Lo observó disimuladamente.
¡Ay, cómo desearía pasar la lengua por esa piel dorada, y comprobar que el resto de su cuerpo era tan sabroso como su boca!.
Alex sería espléndido en la cama. No había duda. Pero Lucía no significaba nada para él. Nada en absoluto.
— No puedo—balbuceó, dando un paso atrás.
Con la decepción reflejada en los ojos, Alex apartó la mirada y adoptó una actitud brusca y resuelta.
— Podrás—le aseguró.
Interiormente, sabía que Alex tenía razón. ¿Cuánto tiempo sería capaz una persona de resistirse a un hombre como él?. Alejando esos pensamientos de la mente, miró al otro lado de la calle.
— Necesitamos comprarte algo que te siente bien.
— No he podido hacer otra cosa, pero no consigo nada que vaya con él, además la estupenda idea de que lo trajera conmigo fue tuya.
— De acuerdo.

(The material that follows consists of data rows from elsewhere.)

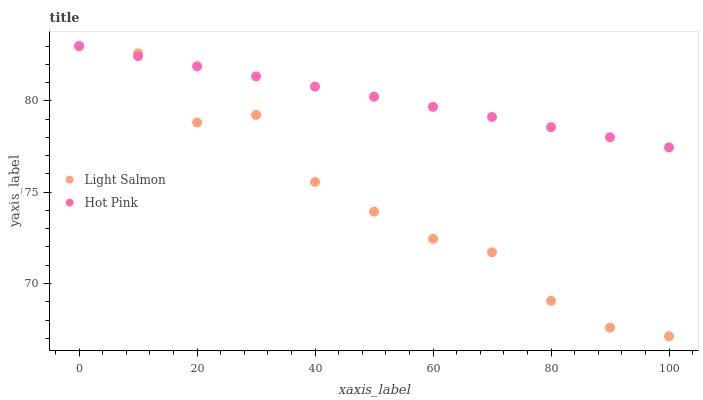Does Light Salmon have the minimum area under the curve?
Answer yes or no. Yes. Does Hot Pink have the maximum area under the curve?
Answer yes or no. Yes. Does Hot Pink have the minimum area under the curve?
Answer yes or no. No. Is Hot Pink the smoothest?
Answer yes or no. Yes. Is Light Salmon the roughest?
Answer yes or no. Yes. Is Hot Pink the roughest?
Answer yes or no. No. Does Light Salmon have the lowest value?
Answer yes or no. Yes. Does Hot Pink have the lowest value?
Answer yes or no. No. Does Hot Pink have the highest value?
Answer yes or no. Yes. Does Hot Pink intersect Light Salmon?
Answer yes or no. Yes. Is Hot Pink less than Light Salmon?
Answer yes or no. No. Is Hot Pink greater than Light Salmon?
Answer yes or no. No. 
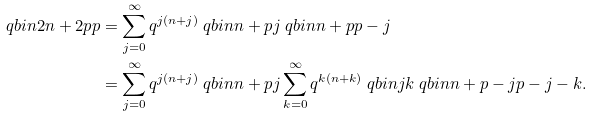<formula> <loc_0><loc_0><loc_500><loc_500>\ q b i n { 2 n + 2 p } { p } & = \sum _ { j = 0 } ^ { \infty } q ^ { j ( n + j ) } \ q b i n { n + p } { j } \ q b i n { n + p } { p - j } \\ & = \sum _ { j = 0 } ^ { \infty } q ^ { j ( n + j ) } \ q b i n { n + p } { j } \sum _ { k = 0 } ^ { \infty } q ^ { k ( n + k ) } \ q b i n { j } { k } \ q b i n { n + p - j } { p - j - k } .</formula> 
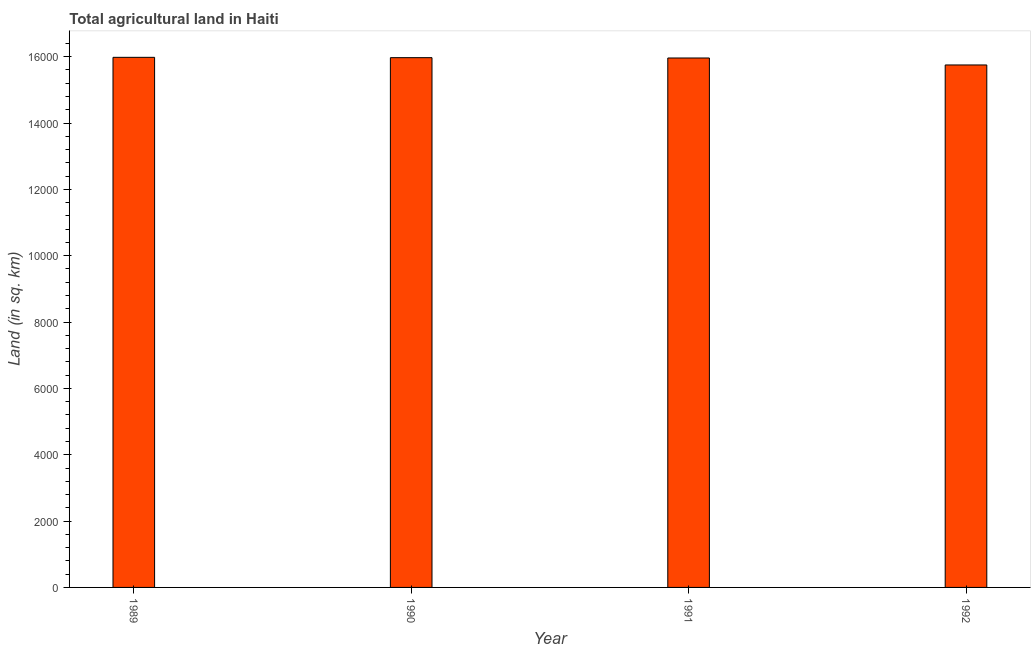What is the title of the graph?
Give a very brief answer. Total agricultural land in Haiti. What is the label or title of the Y-axis?
Make the answer very short. Land (in sq. km). What is the agricultural land in 1990?
Offer a very short reply. 1.60e+04. Across all years, what is the maximum agricultural land?
Offer a very short reply. 1.60e+04. Across all years, what is the minimum agricultural land?
Your answer should be compact. 1.58e+04. What is the sum of the agricultural land?
Keep it short and to the point. 6.37e+04. What is the difference between the agricultural land in 1991 and 1992?
Make the answer very short. 210. What is the average agricultural land per year?
Offer a very short reply. 1.59e+04. What is the median agricultural land?
Provide a short and direct response. 1.60e+04. In how many years, is the agricultural land greater than 4400 sq. km?
Your answer should be compact. 4. Do a majority of the years between 1991 and 1992 (inclusive) have agricultural land greater than 1600 sq. km?
Your response must be concise. Yes. What is the difference between the highest and the second highest agricultural land?
Provide a short and direct response. 10. What is the difference between the highest and the lowest agricultural land?
Your response must be concise. 230. In how many years, is the agricultural land greater than the average agricultural land taken over all years?
Your answer should be very brief. 3. How many bars are there?
Ensure brevity in your answer.  4. How many years are there in the graph?
Offer a terse response. 4. What is the Land (in sq. km) in 1989?
Offer a very short reply. 1.60e+04. What is the Land (in sq. km) of 1990?
Provide a short and direct response. 1.60e+04. What is the Land (in sq. km) of 1991?
Ensure brevity in your answer.  1.60e+04. What is the Land (in sq. km) of 1992?
Offer a very short reply. 1.58e+04. What is the difference between the Land (in sq. km) in 1989 and 1990?
Keep it short and to the point. 10. What is the difference between the Land (in sq. km) in 1989 and 1991?
Provide a succinct answer. 20. What is the difference between the Land (in sq. km) in 1989 and 1992?
Your answer should be very brief. 230. What is the difference between the Land (in sq. km) in 1990 and 1991?
Provide a short and direct response. 10. What is the difference between the Land (in sq. km) in 1990 and 1992?
Your answer should be very brief. 220. What is the difference between the Land (in sq. km) in 1991 and 1992?
Give a very brief answer. 210. What is the ratio of the Land (in sq. km) in 1989 to that in 1990?
Give a very brief answer. 1. What is the ratio of the Land (in sq. km) in 1990 to that in 1991?
Provide a short and direct response. 1.

Estaremos en F21, por si nos necesitas.
— Muy bien, pero tengan cuidado.
— ¿Que tengamos cuidado?—preguntó Lucía.
Mariana señaló a Alex con el dedo gordo.
— Si hay una estampida de mujeres, hazme caso y apártate de su camino. Desde que se fue el último grupo de admiradoras no siento el pie derecho.
Lucía cruzó la calle entre carcajadas. Sabía que Alex iría tras ella; de hecho, sentía su presencia cerca. Era algo innegable: ese hombre tenía una forma horrorosa de invadir sus pensamientos y sus sentidos. Ninguno de los dos dijo una palabra mientras atravesaban la atestada galería comercial, y entraban en la primera tienda que vieron.

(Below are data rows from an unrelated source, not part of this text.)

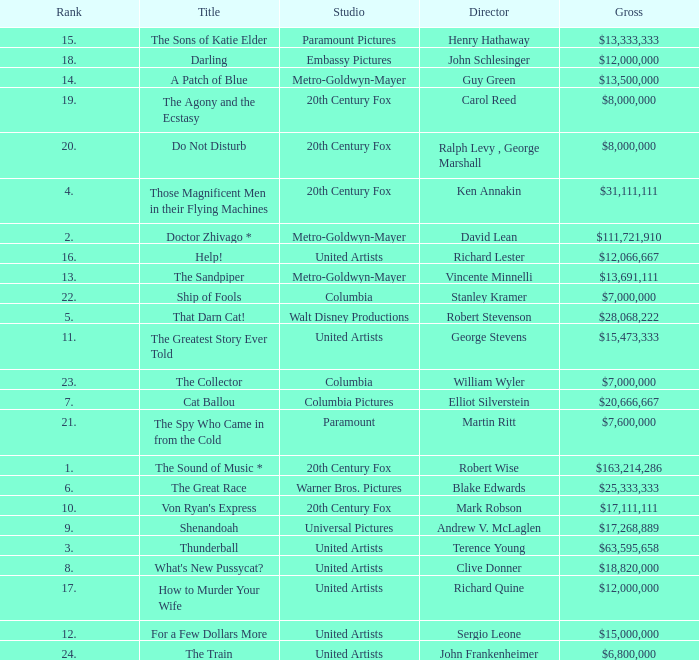What is Title, when Studio is "Embassy Pictures"? Darling. 
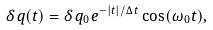<formula> <loc_0><loc_0><loc_500><loc_500>\delta \, q ( t ) = \delta \, q _ { 0 } e ^ { - | t | / \Delta \, t } \cos ( \omega _ { 0 } t ) ,</formula> 
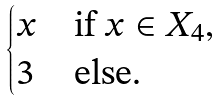<formula> <loc_0><loc_0><loc_500><loc_500>\begin{cases} x & \text {if } x \in X _ { 4 } , \\ 3 & \text {else.} \end{cases}</formula>

Lucía echó un vistazo hasta encontrar la sección de ropa masculina. Cuando la localizó, se dirigió hacia allí.
— ¿Qué estilo de ropa te gusta más?—le preguntó a Alex, mientras se detenía junto al expositor de los jeans.
— Para lo que tengo en mente, el nudismo nos vendría bien.
Lucía puso los ojos en blanco.
— Estás intentando fastidiarme, ¿Verdad?.
— Tal vez. Debo admitir que me gusta mucho cuando te sonrojas.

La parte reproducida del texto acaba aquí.